Where Does The Time Go?!
Feb 17, 2008
Wow, it's been way too long since I last posted.... So much has happened. If you've read my previous posts, you'll know that my biggest fear about RNY was not waking up from the surgery. Well, nearly 2 hours after I was taken into the OR, I heard a voice saying "Jodi, you're in the recovery room...." Unfortunately, my only words back to the nurse were "throw up." They got me a basin and I heaved many times until I was given something to alleviate the nausea. It knocked me out, because I slept most of the day. Once I got to my hospital room, I heard my family around me, I knew they were there, but I could just not bring myself to open my eyes and be social. Every once in a while, my dad would say "wow, look at the view of downtown Baltimore from your window!" He was so enthusiastic (he insisted I had the best room and the best view on the floor), but unfortunately, all I remember thinking was, "I don't give a crap about the view, I'm in pain!" hehe I had the most awesome care at the hospital - the nurses and doctors were fantastic. Everyone took such great care of me. I had one minor complication - I didn't use my spirometer (breathing machine) enough and my lungs started to collapse a little which triggered a fever of 103. I wound up staying an extra night. And, as frustrated as I was at being showerless for 4 days and a bit homesick, staying the extra night was definitely in my best interest. I needed the extra day of pampering by the nurses - if I had been released after 3 days, I probably would've wound up back at the hospital.
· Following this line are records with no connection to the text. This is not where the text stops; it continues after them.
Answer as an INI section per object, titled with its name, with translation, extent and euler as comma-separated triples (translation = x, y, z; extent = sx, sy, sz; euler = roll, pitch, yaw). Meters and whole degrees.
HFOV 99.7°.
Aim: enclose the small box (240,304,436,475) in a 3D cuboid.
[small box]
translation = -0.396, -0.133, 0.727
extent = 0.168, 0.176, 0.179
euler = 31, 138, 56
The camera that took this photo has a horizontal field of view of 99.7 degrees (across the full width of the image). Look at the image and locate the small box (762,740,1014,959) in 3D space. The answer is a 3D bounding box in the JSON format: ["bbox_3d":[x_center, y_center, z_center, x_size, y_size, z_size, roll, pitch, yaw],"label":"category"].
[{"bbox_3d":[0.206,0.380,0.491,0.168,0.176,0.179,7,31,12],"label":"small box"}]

Looking back, I realize the pain wasn't as bad as I thought it would be. And I FORGOT to ask for the On-Q pain ball! I'm such a dingbat - I was sooooo worried about pain and I totally forgot to ask for it. I really went about things the hard way, huh?!
I'm 5 weeks post-surgery now, and so far things have gone rather smoothly. I'm pretty much able to eat anything now (although no salads yet). I haven't thrown anything up. I haven't had any dumping occur. The only weird side effect that I have is sometimes when I eat something that's too dry, it'll feel like it's sticking and burning in my chest. It's a horrible feeling (the first time it happened, I thought it was a heart attack!), but it usually goes away after laying down for 15-20 minutes. I've lost 23 lbs. since the surgery. I know I should be excited, but I was actually hoping to have lost more by this point. Oh well, 23 lbs. is a lot of weight for 5 weeks, right?
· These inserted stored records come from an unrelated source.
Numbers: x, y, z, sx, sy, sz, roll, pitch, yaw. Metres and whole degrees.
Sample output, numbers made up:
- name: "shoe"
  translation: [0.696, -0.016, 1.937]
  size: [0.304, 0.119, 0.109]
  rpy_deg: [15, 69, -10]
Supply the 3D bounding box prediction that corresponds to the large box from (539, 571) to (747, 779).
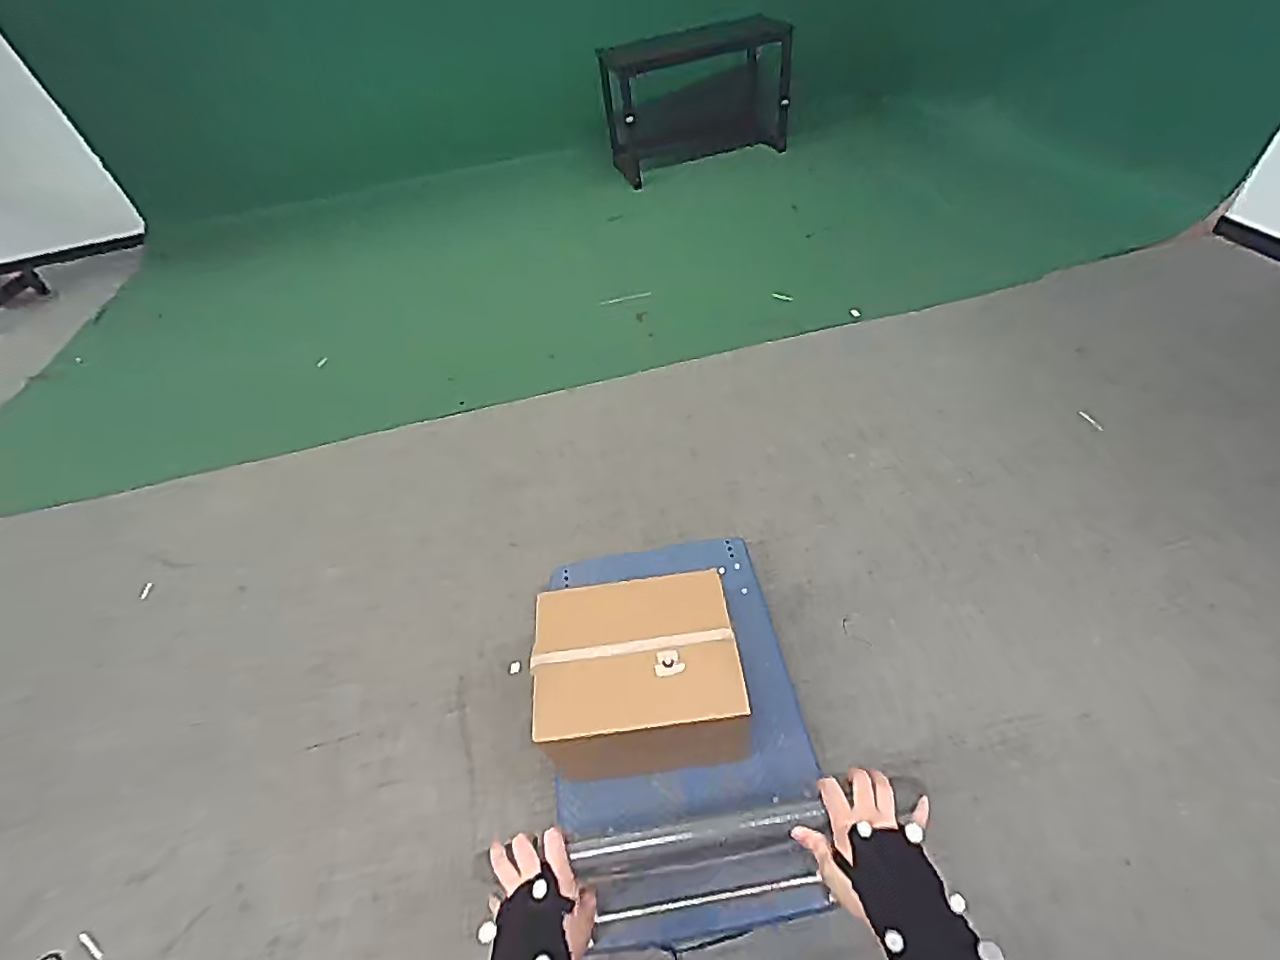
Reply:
- name: "large box"
  translation: [0.002, 0.442, 1.217]
  size: [0.408, 0.320, 0.320]
  rpy_deg: [-8, 48, 0]
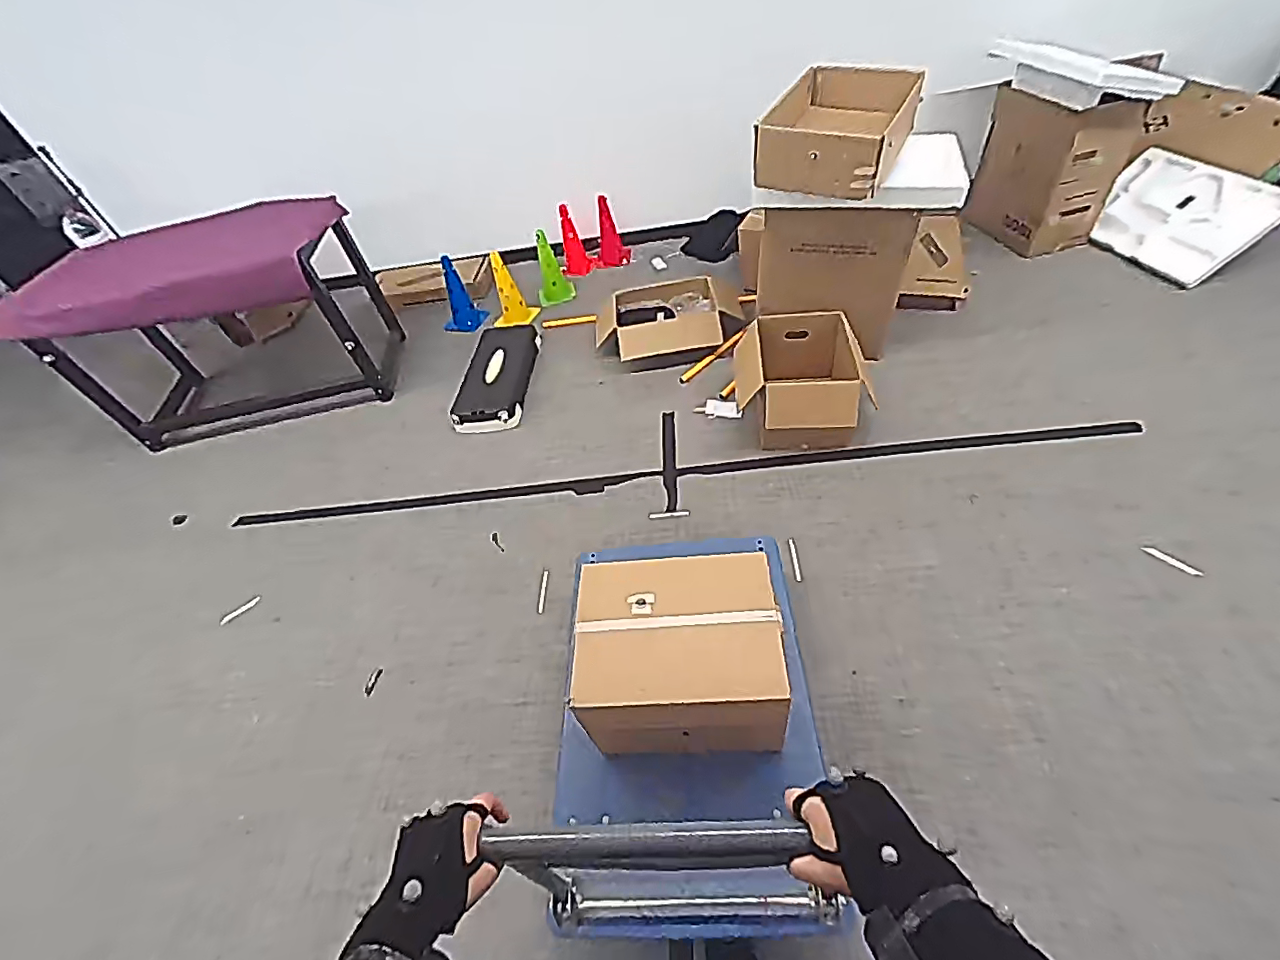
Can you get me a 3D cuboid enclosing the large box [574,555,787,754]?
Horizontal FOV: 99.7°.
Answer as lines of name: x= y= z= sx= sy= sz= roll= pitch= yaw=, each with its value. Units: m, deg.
large box: x=0.094 y=0.398 z=1.206 sx=0.408 sy=0.320 sz=0.320 roll=-6 pitch=47 yaw=7

My sister-in-law had her surgery on February 8th - by the same surgeon at the same hospital. Unfortunately, she wasn't taken care of as well as I was. But, her surgery was on a Friday and mine was on a Monday. I think the weekend staff at the hospital wasn't so great. It is nice, however, to have someone to compare notes with. We finally have a common bond (other than my husband, her brother). Hopefully we can both cheer each other on and go shopping together as our weight melts!! I can't wait to go down a few sizes!!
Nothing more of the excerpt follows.